The 74e edition of the Holland Festival concluded last weekend with the performances Transverse Orientation By Dimitris Papaioannou, Age of Rage of ITA-Ensemble and Pierrot Lunaire by Marlene Monteiro Freitas. The festival collaborated with two associate artists, Japanese composer Ryuichi Sakamoto and French-Austrian theatre maker Gisèle Vienne. Twenty-three companies played one hundred and eleven performances in twenty-five days. The festival presented seven world premieres and co-produced eleven international productions. An extensive context programme was presented around the performances and concerts, partly online, which reflected on the current themes within the festival and showed what is on the minds of the makers.

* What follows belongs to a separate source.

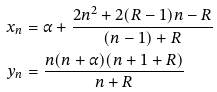Convert formula to latex. <formula><loc_0><loc_0><loc_500><loc_500>x _ { n } & = \alpha + \frac { 2 n ^ { 2 } + 2 ( R - 1 ) n - R } { ( n - 1 ) + R } \\ y _ { n } & = \frac { n ( n + \alpha ) ( n + 1 + R ) } { n + R }</formula>

Holland Festival in corona time
The Holland Festival has chosen to organise a live festival in September 2020 in the belief that it is important that audiences and performers can share a physical experience. Bringing audiences and many creators and performers together (live), in different art forms and from different perspectives in an international context, the festival sees as its main reason for existence. Because of the corona pandemic and related government restrictions, it was uncertain until the last minute whether the festival would be allowed to go ahead, even though the organisers were working towards a live edition as much as possible. The Holland Festival received permission from the Ministry of Education, Culture and Science on 21 May to start under conditions of Testing for Entry on 3 June.
Visitors
The festival, which was able to sell less than 30 per cent of its total venue capacity due to the one-half floor measure, welcomed 15,000 visitors to its theatres and concert halls. The festival presented six streams (partly live) that together attracted more than 3,250 viewers from forty countries. The context programme with eighty-six activities provided another approximately 3,500 viewers/listeners/visitors.
Associate artists
The festival collaborated with two associate artists: Ryuichi Sakamoto and Gisèle Vienne. They showed new and existing work. In consultation with them, the festival's artistic team invited makers associated with them or of great interest to them. The festival co-produced the new performance Time by Sakamoto, which had its live world premiere at the festival and could be seen worldwide as a stream. Vienne showed the renewed work Kindertotenlieder and her most recent production L'Étang, also a co-production of the Holland Festival.
Striking performances
Other work that stood out was The Sheep Song by Belgian theatre company FC Bergman. In co-production with the festival, they presented a modern fable about finding identity. As is often the case with a festival production, the performance elicited many reactions. The Planet - A Lament by Indonesian director and filmmaker Garin Nugroho, scheduled to open the festival in 2020, could still be shown and garnered much admiration. New to the Holland Festival was the Dutch duo Boogaerdt/Van der Schoot, who presented the installation Fremdkörper presented, where visitors could attend a ceremony inspired by ancient Greek sleeping rituals. Performance artist Phia Ménard, also at the Holland Festival for the first time, presented a powerful wordless performance on the constructions of man in the Purification Hall. At the Bimhuis, the experimental, Japanese rock band Kukangendai showed a contrarian sound that put the listener on edge. The Swiss-Georgian producer and composer Alexandre Kordzaia was inspired by Sakamoto's music and brought with the concert Kordz x Sakamoto the Muziekgebouw in raptures. The highlight of the festival will be Dans la Forêt by Massimo Furlan and Claire de Ribaupierre, a nocturnal walk through the forest. Due to circumstances, this performance will take place in September 2021 at the Smithuyser Forest in Hilversum.
Online: podcasts and video
The festival, together with The National Opera and Staatstheater Hannover, presented the first act of Soft Valkyrie by US composer David Kanaga, a contemporary podcast version of Die Walküre by Richard Wagner, starring Stephen Fry, Claron McFadden and Attila Csihar, among others. The podcast will remain listenable until 2023. The second and third acts will appear after the summer.
All introductions to the performances were created and presented as podcasts by De Groene Amsterdammer with four presenters from their own ranks. The Conversations with various creators, which, like the podcasts, remain available on the festival website, give a nice insight into the artists' experiences.
The seventy-fifth edition of the Holland Festival will take place in June 2022.